__EXERCISE MATERIAL__
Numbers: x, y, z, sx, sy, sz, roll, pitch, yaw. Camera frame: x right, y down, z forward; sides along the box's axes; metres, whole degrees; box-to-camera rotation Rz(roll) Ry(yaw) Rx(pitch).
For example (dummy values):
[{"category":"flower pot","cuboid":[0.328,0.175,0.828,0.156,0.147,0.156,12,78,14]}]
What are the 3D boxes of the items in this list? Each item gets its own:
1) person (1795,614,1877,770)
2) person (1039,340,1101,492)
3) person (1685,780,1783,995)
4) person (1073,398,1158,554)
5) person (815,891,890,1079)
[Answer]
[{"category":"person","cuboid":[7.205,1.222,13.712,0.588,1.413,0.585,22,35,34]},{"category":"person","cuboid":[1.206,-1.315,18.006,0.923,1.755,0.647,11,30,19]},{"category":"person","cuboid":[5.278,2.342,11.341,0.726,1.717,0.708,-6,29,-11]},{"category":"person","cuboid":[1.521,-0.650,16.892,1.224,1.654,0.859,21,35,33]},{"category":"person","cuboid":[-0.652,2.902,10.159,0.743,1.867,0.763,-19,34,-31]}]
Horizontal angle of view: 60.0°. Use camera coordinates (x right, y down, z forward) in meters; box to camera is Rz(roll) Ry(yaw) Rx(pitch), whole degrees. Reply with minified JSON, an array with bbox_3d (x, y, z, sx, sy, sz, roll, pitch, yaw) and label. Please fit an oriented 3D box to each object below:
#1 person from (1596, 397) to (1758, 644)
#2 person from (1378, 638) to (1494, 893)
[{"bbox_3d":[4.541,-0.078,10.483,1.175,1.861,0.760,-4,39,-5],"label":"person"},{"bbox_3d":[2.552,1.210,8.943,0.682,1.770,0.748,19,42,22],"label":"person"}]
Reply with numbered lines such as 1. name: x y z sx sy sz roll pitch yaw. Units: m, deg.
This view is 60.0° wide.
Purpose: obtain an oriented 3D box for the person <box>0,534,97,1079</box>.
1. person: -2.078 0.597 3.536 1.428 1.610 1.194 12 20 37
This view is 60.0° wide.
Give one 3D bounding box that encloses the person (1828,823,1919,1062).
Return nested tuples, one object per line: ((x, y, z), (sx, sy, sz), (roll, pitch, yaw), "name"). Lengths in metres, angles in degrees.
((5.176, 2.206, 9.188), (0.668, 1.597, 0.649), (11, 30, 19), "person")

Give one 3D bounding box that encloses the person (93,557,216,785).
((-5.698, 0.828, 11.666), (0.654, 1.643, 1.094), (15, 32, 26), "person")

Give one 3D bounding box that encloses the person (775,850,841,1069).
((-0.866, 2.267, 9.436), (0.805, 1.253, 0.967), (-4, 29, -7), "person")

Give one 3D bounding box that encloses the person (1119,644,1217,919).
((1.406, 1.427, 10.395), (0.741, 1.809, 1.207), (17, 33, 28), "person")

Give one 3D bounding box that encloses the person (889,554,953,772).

__GOAL OF THE EXERCISE__
Return the whole listing, keeping every word as it is.

__YOUR SOLUTION__
Numbers: x, y, z, sx, sy, sz, roll, pitch, yaw. Camera frame: x right, y down, z forward; sides along the box's axes; metres, whole degrees; box-to-camera rotation Rz(roll) Ry(yaw) Rx(pitch).
For example (dummy values):
[{"category":"flower pot","cuboid":[0.328,0.175,0.828,0.156,0.147,0.156,12,78,14]}]
What are the 3D boxes of the items in this list? Each item gets its own:
1) person (1795,614,1877,770)
2) person (1039,340,1101,492)
3) person (1685,780,1783,995)
4) person (1073,398,1158,554)
5) person (815,891,890,1079)
[Answer]
[{"category":"person","cuboid":[7.205,1.222,13.712,0.588,1.413,0.585,22,35,34]},{"category":"person","cuboid":[1.206,-1.315,18.006,0.923,1.755,0.647,11,30,19]},{"category":"person","cuboid":[5.278,2.342,11.341,0.726,1.717,0.708,-6,29,-11]},{"category":"person","cuboid":[1.521,-0.650,16.892,1.224,1.654,0.859,21,35,33]},{"category":"person","cuboid":[-0.652,2.902,10.159,0.743,1.867,0.763,-19,34,-31]}]
Horizontal angle of view: 60.0°. Use camera coordinates (x right, y down, z forward) in meters; box to camera is Rz(roll) Ry(yaw) Rx(pitch), whole degrees. Reply with minified JSON, an array with bbox_3d (x, y, z, sx, sy, sz, roll, pitch, yaw) and label. Please fit an oriented 3D box to each object below:
#1 person from (1596, 397) to (1758, 644)
#2 person from (1378, 638) to (1494, 893)
[{"bbox_3d":[4.541,-0.078,10.483,1.175,1.861,0.760,-4,39,-5],"label":"person"},{"bbox_3d":[2.552,1.210,8.943,0.682,1.770,0.748,19,42,22],"label":"person"}]
Reply with numbered lines such as 1. name: x y z sx sy sz roll pitch yaw. Units: m, deg.
This view is 60.0° wide.
Purpose: obtain an oriented 3D box for the person <box>0,534,97,1079</box>.
1. person: -2.078 0.597 3.536 1.428 1.610 1.194 12 20 37
This view is 60.0° wide.
Give one 3D bounding box that encloses the person (1828,823,1919,1062).
Return nested tuples, one object per line: ((x, y, z), (sx, sy, sz), (roll, pitch, yaw), "name"). Lengths in metres, angles in degrees.
((5.176, 2.206, 9.188), (0.668, 1.597, 0.649), (11, 30, 19), "person")

Give one 3D bounding box that encloses the person (93,557,216,785).
((-5.698, 0.828, 11.666), (0.654, 1.643, 1.094), (15, 32, 26), "person")

Give one 3D bounding box that encloses the person (775,850,841,1069).
((-0.866, 2.267, 9.436), (0.805, 1.253, 0.967), (-4, 29, -7), "person")

Give one 3D bounding box that encloses the person (1119,644,1217,919).
((1.406, 1.427, 10.395), (0.741, 1.809, 1.207), (17, 33, 28), "person")

Give one 3D bounding box that encloses the person (889,554,953,772).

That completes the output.